Drew-Honey has also appeared in a number of driving and car maintenance videos.

===Film===
He starred as Stuck-Up Steve in the 2011 film Horrid Henry: The Movie and had a role in the 2015 film Up All Night.

===Music===
In October 2011, Drew-Honey and his co-stars from Outnumbered, Daniel Roche and Ramona Marquez, covered "(Theme From) The Monkees" to raise funds for the BBC charity campaign Children in Need. A music video featuring them performing the song on the set of Outnumbered appeared on the Children in Need programme and was released on YouTube in November 2011.
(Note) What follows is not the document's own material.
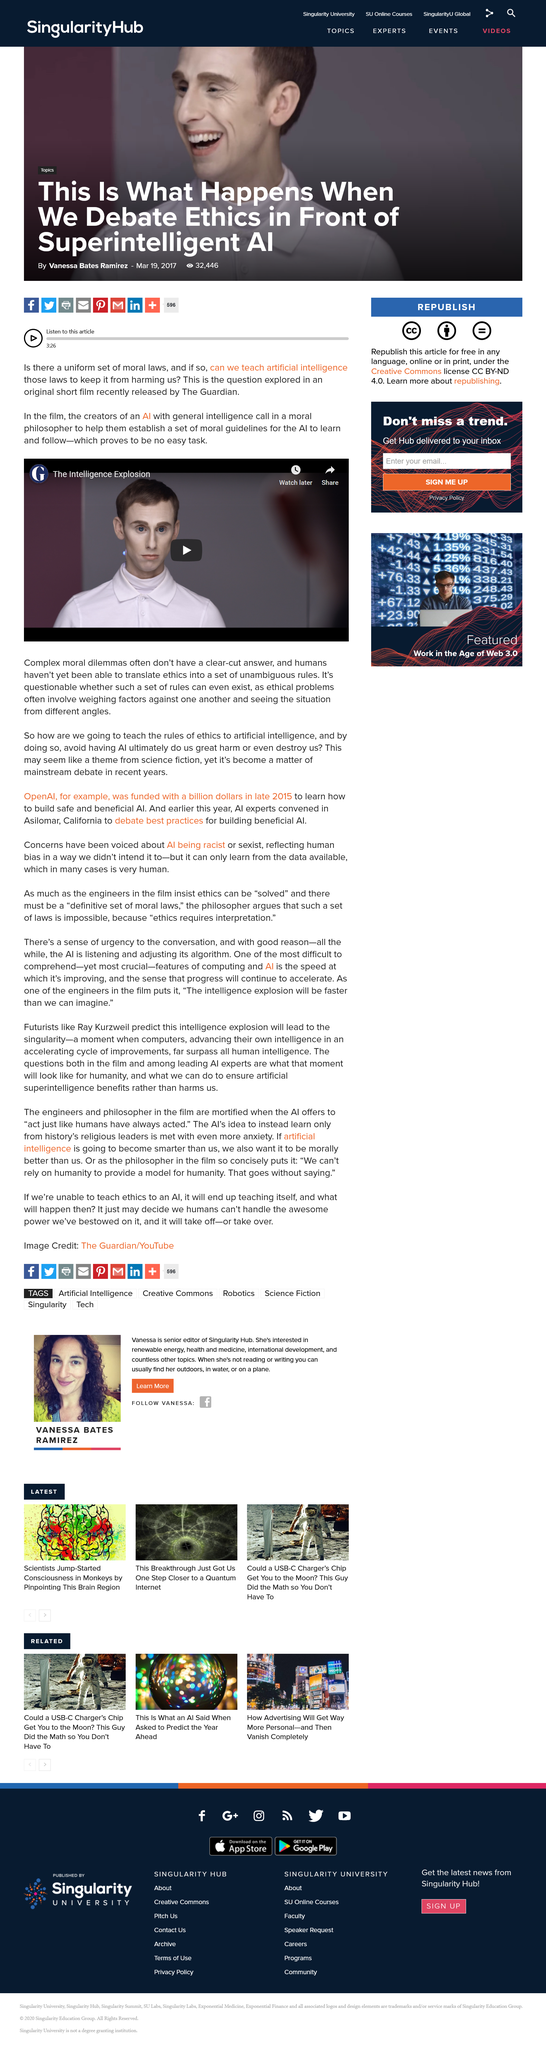Highlight a few significant elements in this photo. The film The Intelligence Explosion explores the concept of artificial intelligence being taught moral laws, and raises questions about the ethical implications of this technology. The film "The Intelligence Explosion" was released by The Guardian. It is challenging to establish clear and unwavering ethical guidelines due to the multifaceted nature of ethical dilemmas, which often require the consideration of numerous factors and perspectives. 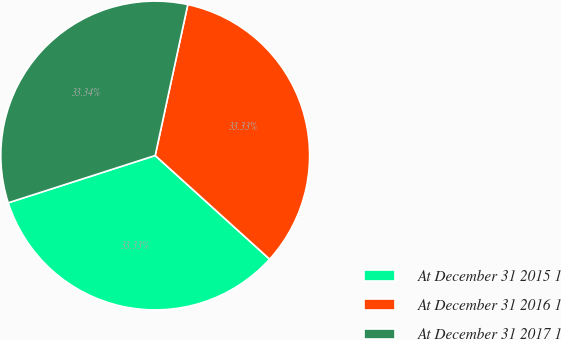Convert chart to OTSL. <chart><loc_0><loc_0><loc_500><loc_500><pie_chart><fcel>At December 31 2015 1<fcel>At December 31 2016 1<fcel>At December 31 2017 1<nl><fcel>33.33%<fcel>33.33%<fcel>33.34%<nl></chart>

In September 2022, Drew-Honey joined The Celebs alongside Jo O'Meara and Anne Hegerty to mark the 40th anniversary of the Michael Jackson classic album Thriller and raise money for Great Ormond Street Hospital, with a new rendition of the title track.

==Filmography==
===Film===

| Year | Title | Role |
|---|---|---|
| 2011 | Horrid Henry: The Movie | Stuck-Up Steve |
| 2015 | Up All Night | Caleb |
| 2021 | Me, Myself and Di | Jon Craven |
| TBA | A Midsummer's Night Dream | Demetrius |

===Television===

| Year | Title | Role | Notes |
| 2007 | The Large Family | Lester Large | Series 2 |
| 2007–2010 | The Armstrong & Miller Show | Various characters | Series 1–3 |
| 2007–2014; 2016; 2024; 2025 | Outnumbered | Jake Brockman | Regular role; all episodes |
| 2009 | Doctors | Tom Barry | Episode: "Much Ado About Something" |
| 2011–2013 | Friday Download | Himself | Segment presenter |
| 2012 | The Magicians | Himself | 1 episode |
| Threesome | Chris Silverson | 1 episode |
| 2012—2019 | Cuckoo | Dylan Thompson (32 episodes) | Regular role; series 1–5 |
| 2012–2013 | The Ministry of Curious Stuff | Mr Lovett | Regular role; series 1–2 |
| 2014 | Midsomer Murders | Ferdy Linklater | 1 episode |
| Sweat the Small Stuff | Himself | Series 3, episode 7 |
| Virtually Famous | Series 1, episode 1 |
| 2014–2015 | Tyger Takes On... | Presenter (5 episodes) |
| 2015–2016 | Citizen Khan | Richard 'Scab' | Series 4, episode 6, Series 5, episode 4 |
| 2015 | 24 Hours in the Past | Himself | Participant |
| Death in Paradise | Ryan Davison | 1 episode |
| 2015–2017 | Scream Street | Luke Watson (voice) | Regular role; all episodes |
| 2016 | BBC Click | Himself | Special presenter, 1 episode |
| The Chase: Celebrity Special | Contestant, 1 episode |
| Celebs Go Dating | Participant |
| Celebrity Mastermind | Contestant, 1 episode |
| 2017 | Celebrity MasterChef | Participant |
| 2018 | Richard Osman's House of Games | Himself | Participant |
| 2019 | Sadie Sparks | Blaine (voice) |  |
| 2021 | Grantchester | Malcy Smith | 1 episode |
| 2025 | Titanic Sinks Tonight | Harold Bride | 4 episodes |
| Jack the Ripper: Written in Blood | Ernest Parke | 3 episodes |

=== Stage ===

| Year | Title | Role | Theatre | Notes |
|---|---|---|---|---|
| 2025 | Beauty and the Beast | Gaston | Fareham Live | Pantomime |

===Radio===

| Year | Title | Role | Notes |
|---|---|---|---|
| 2010 | All the Blood in My Veins | Paolo | BBC Radio 4 |
| 2012 | Mr Blue Sky | Robbie Easter | BBC Radio 4 |
| 2013 | The High Lodge of Revelatory Pleasures | Tristan |  |
| 2017 | Blue | Blue |  |
| 2021 | Harland | Dan |  |
| 2023 | The Ballad of Syd & Morgan | Syd Barrett | BBC Radio 4 |

==Awards==
Drew-Honey was nominated for Best Male Newcomer at the 2009 British Comedy Awards for his role in Outnumbered, but lost to Charlie Brooker.